**REQUIREMENT**
Look for the word "tick" in the data below, and copy every line that holds it.

**INFORMATION PROVIDED**
***

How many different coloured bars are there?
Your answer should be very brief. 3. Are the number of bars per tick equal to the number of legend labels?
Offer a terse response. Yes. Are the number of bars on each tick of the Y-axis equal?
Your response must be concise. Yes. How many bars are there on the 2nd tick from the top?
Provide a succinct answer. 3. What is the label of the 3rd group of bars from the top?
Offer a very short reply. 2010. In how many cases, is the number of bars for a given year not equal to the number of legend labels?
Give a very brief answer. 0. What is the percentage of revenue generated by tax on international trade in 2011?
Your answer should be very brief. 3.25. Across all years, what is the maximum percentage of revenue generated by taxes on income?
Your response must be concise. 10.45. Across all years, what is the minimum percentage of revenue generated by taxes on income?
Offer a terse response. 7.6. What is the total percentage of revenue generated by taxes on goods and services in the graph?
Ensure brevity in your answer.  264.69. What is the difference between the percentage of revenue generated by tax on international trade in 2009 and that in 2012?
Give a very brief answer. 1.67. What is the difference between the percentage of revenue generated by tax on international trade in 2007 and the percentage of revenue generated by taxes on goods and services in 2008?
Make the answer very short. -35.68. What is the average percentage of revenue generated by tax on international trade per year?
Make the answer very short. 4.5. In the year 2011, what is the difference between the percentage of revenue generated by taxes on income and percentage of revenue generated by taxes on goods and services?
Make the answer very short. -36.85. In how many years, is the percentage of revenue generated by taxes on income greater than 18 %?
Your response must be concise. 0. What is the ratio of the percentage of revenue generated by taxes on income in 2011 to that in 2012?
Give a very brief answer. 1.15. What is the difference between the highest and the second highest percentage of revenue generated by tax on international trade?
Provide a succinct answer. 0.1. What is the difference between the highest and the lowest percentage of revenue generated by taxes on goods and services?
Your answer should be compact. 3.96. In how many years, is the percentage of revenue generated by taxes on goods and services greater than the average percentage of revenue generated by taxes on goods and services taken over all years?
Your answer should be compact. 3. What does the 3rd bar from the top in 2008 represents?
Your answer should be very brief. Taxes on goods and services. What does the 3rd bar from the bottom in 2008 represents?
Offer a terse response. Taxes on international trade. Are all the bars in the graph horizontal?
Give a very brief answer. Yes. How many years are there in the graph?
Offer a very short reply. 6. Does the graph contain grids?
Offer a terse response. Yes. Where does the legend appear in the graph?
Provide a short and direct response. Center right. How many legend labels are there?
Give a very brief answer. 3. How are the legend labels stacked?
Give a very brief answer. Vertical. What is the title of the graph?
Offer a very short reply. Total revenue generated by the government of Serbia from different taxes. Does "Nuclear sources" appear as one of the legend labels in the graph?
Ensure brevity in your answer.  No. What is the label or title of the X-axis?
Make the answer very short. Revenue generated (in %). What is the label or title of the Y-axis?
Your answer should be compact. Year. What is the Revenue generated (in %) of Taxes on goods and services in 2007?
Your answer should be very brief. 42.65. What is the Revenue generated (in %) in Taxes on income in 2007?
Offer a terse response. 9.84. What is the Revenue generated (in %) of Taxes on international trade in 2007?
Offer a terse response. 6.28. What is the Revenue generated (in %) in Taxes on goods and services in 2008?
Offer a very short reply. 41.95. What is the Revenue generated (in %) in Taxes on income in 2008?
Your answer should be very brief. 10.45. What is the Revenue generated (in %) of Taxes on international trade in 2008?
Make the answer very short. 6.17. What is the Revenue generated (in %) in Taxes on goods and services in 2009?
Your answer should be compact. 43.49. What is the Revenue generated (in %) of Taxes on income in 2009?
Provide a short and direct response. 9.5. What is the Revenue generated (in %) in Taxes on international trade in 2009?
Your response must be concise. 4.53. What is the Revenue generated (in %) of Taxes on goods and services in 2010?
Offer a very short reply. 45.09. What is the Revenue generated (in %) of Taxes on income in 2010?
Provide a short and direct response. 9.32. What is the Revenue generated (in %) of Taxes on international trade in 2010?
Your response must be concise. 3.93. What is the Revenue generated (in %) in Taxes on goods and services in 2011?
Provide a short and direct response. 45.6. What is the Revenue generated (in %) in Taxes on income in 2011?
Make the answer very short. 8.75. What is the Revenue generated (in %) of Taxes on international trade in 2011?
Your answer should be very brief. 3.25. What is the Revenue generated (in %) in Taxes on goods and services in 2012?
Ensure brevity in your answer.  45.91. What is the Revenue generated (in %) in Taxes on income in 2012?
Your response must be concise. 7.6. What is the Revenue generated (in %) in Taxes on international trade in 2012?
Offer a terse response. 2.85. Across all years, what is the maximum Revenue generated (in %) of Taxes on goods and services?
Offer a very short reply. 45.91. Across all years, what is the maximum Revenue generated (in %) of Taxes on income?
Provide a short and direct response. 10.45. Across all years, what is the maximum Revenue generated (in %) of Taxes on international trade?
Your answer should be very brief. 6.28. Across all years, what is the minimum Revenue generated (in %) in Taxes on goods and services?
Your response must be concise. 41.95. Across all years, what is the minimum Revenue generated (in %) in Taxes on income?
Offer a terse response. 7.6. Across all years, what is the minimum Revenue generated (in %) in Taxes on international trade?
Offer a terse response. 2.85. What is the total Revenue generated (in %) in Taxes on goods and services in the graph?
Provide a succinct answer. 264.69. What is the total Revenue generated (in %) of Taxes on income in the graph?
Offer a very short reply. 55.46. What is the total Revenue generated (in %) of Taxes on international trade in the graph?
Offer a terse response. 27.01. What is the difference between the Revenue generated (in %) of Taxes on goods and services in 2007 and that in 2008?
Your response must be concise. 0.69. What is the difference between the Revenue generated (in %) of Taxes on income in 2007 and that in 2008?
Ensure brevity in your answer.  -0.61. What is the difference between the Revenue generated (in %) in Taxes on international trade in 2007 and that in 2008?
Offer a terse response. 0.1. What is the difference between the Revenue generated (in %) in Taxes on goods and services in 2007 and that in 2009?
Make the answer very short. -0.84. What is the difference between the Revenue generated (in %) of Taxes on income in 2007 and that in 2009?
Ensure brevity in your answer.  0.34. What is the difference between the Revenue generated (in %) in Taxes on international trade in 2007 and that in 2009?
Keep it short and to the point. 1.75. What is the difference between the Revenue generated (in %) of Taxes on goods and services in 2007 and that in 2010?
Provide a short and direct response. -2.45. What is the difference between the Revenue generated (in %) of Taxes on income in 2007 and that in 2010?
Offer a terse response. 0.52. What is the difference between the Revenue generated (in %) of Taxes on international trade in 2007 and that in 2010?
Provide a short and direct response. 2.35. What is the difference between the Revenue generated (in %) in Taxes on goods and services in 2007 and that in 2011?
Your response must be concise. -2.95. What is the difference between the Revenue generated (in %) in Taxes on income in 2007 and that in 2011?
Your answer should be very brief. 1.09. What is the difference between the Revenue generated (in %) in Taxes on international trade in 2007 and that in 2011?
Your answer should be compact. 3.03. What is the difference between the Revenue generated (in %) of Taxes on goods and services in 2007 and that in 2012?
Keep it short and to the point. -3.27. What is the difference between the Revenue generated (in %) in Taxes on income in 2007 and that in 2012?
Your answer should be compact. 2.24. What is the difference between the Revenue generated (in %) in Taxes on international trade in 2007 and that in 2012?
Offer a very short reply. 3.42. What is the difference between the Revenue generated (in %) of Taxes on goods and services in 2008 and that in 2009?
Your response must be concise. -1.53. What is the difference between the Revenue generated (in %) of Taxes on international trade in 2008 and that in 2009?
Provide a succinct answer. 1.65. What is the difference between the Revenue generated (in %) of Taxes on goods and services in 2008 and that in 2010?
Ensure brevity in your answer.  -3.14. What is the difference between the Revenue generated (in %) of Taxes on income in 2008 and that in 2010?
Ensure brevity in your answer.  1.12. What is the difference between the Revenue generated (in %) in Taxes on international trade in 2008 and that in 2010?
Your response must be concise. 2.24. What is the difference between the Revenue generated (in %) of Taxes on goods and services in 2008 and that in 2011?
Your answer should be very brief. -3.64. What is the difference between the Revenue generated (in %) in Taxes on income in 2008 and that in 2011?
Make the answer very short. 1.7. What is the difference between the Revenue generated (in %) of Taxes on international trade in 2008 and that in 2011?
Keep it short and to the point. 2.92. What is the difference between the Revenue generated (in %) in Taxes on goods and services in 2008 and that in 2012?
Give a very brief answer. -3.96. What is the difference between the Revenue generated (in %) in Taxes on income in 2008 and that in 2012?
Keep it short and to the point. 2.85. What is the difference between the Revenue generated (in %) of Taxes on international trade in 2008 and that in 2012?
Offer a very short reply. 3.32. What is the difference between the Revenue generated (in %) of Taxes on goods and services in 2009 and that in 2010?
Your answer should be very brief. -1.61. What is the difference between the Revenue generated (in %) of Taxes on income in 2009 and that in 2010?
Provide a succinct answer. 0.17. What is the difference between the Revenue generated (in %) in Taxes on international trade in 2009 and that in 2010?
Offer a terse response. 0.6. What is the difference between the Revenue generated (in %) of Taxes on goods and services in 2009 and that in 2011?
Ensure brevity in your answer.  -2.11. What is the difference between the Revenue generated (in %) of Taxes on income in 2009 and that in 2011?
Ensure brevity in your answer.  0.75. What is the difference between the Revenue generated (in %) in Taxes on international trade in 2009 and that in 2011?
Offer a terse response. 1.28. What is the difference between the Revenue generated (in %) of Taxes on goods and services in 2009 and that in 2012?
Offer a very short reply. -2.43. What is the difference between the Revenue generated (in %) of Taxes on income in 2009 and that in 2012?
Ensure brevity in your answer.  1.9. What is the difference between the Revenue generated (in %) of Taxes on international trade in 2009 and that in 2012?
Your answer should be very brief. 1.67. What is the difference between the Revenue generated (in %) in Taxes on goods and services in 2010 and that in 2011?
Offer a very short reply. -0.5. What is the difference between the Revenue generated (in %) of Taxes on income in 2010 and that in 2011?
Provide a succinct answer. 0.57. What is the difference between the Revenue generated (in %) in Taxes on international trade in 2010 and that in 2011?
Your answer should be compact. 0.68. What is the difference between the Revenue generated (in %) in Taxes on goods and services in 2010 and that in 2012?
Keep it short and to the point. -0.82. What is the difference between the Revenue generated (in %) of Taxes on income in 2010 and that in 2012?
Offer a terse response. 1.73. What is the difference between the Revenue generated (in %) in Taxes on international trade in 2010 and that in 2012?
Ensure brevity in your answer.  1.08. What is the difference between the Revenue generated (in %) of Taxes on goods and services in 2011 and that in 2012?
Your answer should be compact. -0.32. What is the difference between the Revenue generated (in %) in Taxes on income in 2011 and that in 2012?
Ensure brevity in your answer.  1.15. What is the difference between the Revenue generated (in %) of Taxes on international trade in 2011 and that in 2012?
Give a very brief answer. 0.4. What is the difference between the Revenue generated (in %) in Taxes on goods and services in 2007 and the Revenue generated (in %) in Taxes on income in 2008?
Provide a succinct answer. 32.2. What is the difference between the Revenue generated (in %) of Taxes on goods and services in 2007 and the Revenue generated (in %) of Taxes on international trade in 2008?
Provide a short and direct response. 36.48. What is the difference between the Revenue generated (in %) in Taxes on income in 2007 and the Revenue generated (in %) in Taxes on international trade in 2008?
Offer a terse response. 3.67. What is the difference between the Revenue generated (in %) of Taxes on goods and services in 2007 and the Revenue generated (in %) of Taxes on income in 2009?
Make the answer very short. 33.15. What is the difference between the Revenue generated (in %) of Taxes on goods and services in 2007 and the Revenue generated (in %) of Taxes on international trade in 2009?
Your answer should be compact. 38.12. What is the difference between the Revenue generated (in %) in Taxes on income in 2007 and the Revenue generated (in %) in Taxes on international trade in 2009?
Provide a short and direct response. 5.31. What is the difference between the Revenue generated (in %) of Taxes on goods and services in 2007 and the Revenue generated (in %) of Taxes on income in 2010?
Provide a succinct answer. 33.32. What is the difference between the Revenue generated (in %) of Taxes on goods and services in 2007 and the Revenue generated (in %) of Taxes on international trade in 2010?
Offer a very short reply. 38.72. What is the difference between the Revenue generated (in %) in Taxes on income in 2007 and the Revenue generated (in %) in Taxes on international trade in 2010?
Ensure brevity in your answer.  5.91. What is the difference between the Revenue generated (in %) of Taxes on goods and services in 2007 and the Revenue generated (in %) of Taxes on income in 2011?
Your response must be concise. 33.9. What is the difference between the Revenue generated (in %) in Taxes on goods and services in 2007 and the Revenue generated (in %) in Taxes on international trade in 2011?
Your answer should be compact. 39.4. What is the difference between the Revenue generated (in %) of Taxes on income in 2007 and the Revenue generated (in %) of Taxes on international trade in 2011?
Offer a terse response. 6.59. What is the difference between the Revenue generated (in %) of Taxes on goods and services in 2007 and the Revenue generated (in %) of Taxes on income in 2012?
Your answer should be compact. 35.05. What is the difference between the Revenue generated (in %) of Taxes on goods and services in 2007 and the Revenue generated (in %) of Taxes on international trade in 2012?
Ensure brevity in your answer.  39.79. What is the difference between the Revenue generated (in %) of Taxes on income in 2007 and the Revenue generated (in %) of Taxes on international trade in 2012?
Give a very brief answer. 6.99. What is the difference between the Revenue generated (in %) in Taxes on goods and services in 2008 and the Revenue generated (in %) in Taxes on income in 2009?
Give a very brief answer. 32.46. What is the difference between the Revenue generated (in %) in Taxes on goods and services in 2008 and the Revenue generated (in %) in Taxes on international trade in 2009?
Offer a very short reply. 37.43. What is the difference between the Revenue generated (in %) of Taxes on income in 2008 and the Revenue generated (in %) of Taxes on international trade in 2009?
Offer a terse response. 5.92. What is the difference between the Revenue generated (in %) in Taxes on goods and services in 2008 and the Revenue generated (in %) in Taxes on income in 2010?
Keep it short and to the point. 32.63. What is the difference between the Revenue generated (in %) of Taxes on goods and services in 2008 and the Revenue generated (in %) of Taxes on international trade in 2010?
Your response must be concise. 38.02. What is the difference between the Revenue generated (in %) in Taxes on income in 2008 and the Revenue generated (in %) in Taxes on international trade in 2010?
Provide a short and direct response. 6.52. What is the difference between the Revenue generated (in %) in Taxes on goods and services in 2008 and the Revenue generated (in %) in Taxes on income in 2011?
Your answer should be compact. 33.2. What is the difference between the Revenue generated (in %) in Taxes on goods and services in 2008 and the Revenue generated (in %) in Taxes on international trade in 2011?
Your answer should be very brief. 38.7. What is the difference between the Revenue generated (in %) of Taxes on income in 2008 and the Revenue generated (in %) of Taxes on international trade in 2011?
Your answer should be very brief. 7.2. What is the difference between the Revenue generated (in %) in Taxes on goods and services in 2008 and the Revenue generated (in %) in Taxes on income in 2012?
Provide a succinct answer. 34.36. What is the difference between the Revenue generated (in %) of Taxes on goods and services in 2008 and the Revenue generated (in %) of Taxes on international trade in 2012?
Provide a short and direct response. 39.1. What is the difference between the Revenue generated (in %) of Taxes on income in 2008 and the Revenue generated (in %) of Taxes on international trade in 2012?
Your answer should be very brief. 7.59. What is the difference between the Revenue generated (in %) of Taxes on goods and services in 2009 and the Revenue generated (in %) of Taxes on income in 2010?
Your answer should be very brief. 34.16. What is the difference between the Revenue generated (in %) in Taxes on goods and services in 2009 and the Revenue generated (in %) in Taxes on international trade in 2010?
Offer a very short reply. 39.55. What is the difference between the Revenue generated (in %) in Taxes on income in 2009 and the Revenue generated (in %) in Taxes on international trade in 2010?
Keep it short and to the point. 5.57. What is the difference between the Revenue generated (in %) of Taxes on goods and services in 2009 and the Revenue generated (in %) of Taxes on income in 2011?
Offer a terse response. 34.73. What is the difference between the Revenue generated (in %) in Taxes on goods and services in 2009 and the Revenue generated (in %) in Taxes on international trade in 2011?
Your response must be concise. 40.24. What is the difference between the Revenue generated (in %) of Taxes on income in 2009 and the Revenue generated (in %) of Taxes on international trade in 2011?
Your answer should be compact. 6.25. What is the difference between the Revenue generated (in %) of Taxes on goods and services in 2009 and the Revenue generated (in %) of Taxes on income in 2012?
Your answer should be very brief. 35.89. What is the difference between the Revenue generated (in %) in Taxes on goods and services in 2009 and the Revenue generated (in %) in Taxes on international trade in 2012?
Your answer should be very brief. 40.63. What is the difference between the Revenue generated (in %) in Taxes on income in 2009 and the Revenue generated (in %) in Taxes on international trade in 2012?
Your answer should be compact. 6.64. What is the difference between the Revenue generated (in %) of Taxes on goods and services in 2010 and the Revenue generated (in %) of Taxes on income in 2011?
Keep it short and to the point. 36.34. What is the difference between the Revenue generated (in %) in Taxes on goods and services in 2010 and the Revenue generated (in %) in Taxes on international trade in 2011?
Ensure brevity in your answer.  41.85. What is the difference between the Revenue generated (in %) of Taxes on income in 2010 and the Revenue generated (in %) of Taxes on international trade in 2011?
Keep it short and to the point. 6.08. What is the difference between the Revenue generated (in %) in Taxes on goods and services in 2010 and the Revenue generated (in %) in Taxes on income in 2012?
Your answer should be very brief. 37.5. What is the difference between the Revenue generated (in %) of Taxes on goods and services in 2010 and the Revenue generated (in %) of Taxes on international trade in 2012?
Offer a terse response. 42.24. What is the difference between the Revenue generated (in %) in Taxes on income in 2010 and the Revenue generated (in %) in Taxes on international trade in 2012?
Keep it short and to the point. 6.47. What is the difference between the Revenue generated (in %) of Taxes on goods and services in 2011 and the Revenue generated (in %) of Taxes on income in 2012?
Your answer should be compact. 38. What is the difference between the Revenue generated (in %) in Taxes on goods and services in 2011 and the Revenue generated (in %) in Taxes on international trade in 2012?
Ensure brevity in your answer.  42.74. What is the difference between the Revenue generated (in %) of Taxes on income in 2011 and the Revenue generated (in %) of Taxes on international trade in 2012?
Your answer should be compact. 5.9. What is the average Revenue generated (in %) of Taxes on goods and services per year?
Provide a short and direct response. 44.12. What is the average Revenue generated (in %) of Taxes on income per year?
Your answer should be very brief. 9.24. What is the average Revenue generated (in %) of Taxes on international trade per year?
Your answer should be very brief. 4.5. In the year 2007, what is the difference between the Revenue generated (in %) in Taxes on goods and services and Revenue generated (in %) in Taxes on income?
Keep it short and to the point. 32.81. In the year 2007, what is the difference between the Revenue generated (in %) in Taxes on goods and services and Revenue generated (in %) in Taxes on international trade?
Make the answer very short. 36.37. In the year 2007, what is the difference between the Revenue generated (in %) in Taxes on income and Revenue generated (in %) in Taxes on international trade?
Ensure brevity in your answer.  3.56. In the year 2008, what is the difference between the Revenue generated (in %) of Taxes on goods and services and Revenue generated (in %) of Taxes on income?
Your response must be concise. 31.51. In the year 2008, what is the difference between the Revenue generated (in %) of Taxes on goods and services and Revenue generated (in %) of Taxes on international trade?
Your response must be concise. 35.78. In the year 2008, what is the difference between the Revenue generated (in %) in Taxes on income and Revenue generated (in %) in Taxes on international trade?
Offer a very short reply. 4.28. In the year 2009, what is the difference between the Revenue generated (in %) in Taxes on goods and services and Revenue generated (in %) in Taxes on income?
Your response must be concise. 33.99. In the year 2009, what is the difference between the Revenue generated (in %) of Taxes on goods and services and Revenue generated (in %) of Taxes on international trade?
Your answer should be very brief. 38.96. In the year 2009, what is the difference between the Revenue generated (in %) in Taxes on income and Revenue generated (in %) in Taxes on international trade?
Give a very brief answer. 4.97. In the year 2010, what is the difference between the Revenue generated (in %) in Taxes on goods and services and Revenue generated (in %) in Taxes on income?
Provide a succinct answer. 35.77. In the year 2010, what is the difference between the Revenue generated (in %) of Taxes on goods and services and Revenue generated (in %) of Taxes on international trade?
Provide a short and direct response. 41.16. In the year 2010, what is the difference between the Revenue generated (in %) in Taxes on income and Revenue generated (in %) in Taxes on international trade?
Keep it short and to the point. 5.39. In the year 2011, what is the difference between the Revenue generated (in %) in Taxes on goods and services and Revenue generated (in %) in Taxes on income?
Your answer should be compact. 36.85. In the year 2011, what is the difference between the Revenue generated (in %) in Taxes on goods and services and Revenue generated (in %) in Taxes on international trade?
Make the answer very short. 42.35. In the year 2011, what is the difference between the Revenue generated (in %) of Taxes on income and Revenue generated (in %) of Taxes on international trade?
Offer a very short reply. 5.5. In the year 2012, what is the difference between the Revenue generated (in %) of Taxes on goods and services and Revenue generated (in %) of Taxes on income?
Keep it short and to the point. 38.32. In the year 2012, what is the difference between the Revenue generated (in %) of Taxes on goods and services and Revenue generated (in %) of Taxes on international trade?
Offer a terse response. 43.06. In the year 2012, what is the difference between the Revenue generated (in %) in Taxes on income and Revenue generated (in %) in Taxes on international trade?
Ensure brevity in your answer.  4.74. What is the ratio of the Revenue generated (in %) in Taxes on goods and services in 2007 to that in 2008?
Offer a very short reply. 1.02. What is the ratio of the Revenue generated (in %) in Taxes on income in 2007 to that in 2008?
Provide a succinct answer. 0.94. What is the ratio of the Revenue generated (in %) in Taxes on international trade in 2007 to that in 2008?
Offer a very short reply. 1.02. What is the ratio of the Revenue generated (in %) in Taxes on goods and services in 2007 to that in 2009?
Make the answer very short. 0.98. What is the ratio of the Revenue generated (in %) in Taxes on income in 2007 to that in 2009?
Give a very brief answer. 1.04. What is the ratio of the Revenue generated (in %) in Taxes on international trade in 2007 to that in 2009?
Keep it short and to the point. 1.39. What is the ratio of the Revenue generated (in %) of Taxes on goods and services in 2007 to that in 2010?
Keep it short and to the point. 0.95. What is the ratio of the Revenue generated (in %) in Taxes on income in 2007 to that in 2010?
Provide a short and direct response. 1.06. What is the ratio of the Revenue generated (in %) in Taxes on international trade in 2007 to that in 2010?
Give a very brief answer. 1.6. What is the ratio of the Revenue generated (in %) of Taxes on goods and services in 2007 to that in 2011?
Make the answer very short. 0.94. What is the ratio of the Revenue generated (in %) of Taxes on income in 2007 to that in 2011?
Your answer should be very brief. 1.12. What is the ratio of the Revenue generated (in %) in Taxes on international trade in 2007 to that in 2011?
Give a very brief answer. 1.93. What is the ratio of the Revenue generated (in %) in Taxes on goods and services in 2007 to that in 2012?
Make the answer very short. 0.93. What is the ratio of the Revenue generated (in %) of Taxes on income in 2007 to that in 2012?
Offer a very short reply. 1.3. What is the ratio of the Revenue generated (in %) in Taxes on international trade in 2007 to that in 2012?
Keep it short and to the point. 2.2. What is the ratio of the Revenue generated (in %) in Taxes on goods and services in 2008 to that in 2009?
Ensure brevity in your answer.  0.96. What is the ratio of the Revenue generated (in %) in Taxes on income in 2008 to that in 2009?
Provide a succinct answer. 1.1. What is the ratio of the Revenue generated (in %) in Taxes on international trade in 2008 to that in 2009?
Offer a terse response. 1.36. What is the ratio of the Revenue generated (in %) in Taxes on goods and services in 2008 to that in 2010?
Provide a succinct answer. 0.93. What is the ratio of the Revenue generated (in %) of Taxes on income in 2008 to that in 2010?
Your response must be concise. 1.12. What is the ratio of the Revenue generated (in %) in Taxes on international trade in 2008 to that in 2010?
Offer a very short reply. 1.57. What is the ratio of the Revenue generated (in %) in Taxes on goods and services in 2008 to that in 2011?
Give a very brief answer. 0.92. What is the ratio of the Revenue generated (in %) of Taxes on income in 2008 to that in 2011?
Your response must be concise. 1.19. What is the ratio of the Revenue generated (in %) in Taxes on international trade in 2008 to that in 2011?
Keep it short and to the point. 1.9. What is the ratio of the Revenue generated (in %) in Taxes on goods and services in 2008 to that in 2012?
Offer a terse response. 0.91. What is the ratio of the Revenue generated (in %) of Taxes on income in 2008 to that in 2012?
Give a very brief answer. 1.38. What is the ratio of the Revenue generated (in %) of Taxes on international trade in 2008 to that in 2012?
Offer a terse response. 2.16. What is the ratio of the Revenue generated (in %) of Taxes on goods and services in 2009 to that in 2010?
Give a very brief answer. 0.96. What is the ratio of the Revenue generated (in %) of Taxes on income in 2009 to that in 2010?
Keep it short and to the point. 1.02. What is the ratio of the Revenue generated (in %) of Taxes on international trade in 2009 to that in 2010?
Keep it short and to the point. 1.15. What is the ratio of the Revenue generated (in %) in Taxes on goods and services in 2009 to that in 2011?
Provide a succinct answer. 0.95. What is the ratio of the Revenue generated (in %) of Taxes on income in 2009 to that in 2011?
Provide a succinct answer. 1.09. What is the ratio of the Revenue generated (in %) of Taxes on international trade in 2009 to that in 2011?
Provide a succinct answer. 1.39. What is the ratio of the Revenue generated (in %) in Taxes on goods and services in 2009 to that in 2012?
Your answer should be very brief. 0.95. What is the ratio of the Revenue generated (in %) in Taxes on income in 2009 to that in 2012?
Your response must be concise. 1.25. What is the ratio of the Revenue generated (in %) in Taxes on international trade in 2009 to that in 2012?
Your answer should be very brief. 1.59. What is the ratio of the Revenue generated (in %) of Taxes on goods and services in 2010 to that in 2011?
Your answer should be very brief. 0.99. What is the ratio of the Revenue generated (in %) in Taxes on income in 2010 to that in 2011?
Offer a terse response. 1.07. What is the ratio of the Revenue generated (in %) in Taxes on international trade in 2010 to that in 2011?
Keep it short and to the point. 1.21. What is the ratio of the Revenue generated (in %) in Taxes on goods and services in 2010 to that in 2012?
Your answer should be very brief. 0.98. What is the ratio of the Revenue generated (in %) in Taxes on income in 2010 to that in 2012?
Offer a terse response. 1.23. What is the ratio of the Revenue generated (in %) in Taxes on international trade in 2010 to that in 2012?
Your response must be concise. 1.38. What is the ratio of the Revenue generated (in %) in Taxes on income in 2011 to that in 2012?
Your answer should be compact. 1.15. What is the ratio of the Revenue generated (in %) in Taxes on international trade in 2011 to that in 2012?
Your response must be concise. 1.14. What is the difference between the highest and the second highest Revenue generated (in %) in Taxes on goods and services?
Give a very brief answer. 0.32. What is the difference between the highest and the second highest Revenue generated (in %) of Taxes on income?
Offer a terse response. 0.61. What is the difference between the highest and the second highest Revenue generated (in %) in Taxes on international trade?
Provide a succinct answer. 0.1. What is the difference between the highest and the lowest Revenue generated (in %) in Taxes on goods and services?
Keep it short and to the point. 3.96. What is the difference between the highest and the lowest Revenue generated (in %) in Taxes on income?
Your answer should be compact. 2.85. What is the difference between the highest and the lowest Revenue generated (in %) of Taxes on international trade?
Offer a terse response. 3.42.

***

**RESPONSE TO THIS TASK**
Your answer should be very brief. 3. Are the number of bars per tick equal to the number of legend labels?
Offer a terse response. Yes. Are the number of bars on each tick of the Y-axis equal?
Your response must be concise. Yes. How many bars are there on the 2nd tick from the top?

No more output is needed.